» Work request
Repeat the entries that follow verbatim, without any of their pictures.

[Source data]
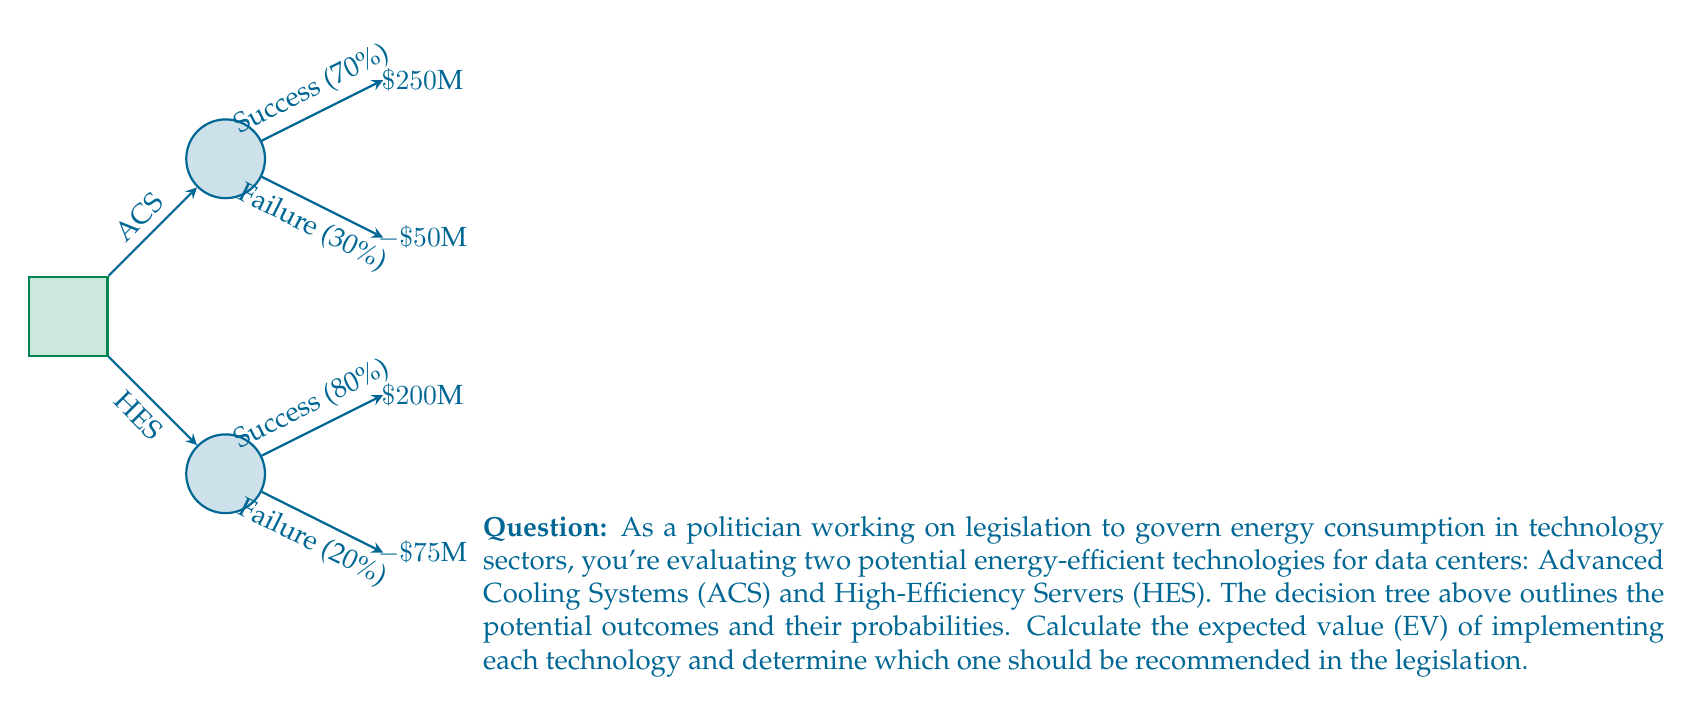Could you help me with this problem? To solve this problem, we need to calculate the expected value (EV) for each technology using the decision tree. Let's go through it step-by-step:

1. Advanced Cooling Systems (ACS):
   - Success probability: 70% (0.7)
   - Failure probability: 30% (0.3)
   - Success outcome: $250M
   - Failure outcome: -$50M

   EV(ACS) = (0.7 × $250M) + (0.3 × (-$50M))
   $$ EV(ACS) = 0.7 \times 250 + 0.3 \times (-50) $$
   $$ EV(ACS) = 175 - 15 = 160 $$
   
   The expected value for ACS is $160M.

2. High-Efficiency Servers (HES):
   - Success probability: 80% (0.8)
   - Failure probability: 20% (0.2)
   - Success outcome: $200M
   - Failure outcome: -$75M

   EV(HES) = (0.8 × $200M) + (0.2 × (-$75M))
   $$ EV(HES) = 0.8 \times 200 + 0.2 \times (-75) $$
   $$ EV(HES) = 160 - 15 = 145 $$
   
   The expected value for HES is $145M.

3. Comparing the two options:
   EV(ACS) = $160M
   EV(HES) = $145M

   Since EV(ACS) > EV(HES), the Advanced Cooling Systems technology has a higher expected value.

Therefore, based on the expected value analysis, the Advanced Cooling Systems (ACS) technology should be recommended in the legislation as it has a higher potential benefit ($160M vs $145M).
Answer: Advanced Cooling Systems (ACS) with EV = $160M

» Answer space
Could you help me with this problem? To solve this problem, we need to calculate the expected value (EV) for each technology using the decision tree. Let's go through it step-by-step:

1. Advanced Cooling Systems (ACS):
   - Success probability: 70% (0.7)
   - Failure probability: 30% (0.3)
   - Success outcome: $250M
   - Failure outcome: -$50M

   EV(ACS) = (0.7 × $250M) + (0.3 × (-$50M))
   $$ EV(ACS) = 0.7 \times 250 + 0.3 \times (-50) $$
   $$ EV(ACS) = 175 - 15 = 160 $$
   
   The expected value for ACS is $160M.

2. High-Efficiency Servers (HES):
   - Success probability: 80% (0.8)
   - Failure probability: 20% (0.2)
   - Success outcome: $200M
   - Failure outcome: -$75M

   EV(HES) = (0.8 × $200M) + (0.2 × (-$75M))
   $$ EV(HES) = 0.8 \times 200 + 0.2 \times (-75) $$
   $$ EV(HES) = 160 - 15 = 145 $$
   
   The expected value for HES is $145M.

3. Comparing the two options:
   EV(ACS) = $160M
   EV(HES) = $145M

   Since EV(ACS) > EV(HES), the Advanced Cooling Systems technology has a higher expected value.

Therefore, based on the expected value analysis, the Advanced Cooling Systems (ACS) technology should be recommended in the legislation as it has a higher potential benefit ($160M vs $145M).
Answer: Advanced Cooling Systems (ACS) with EV = $160M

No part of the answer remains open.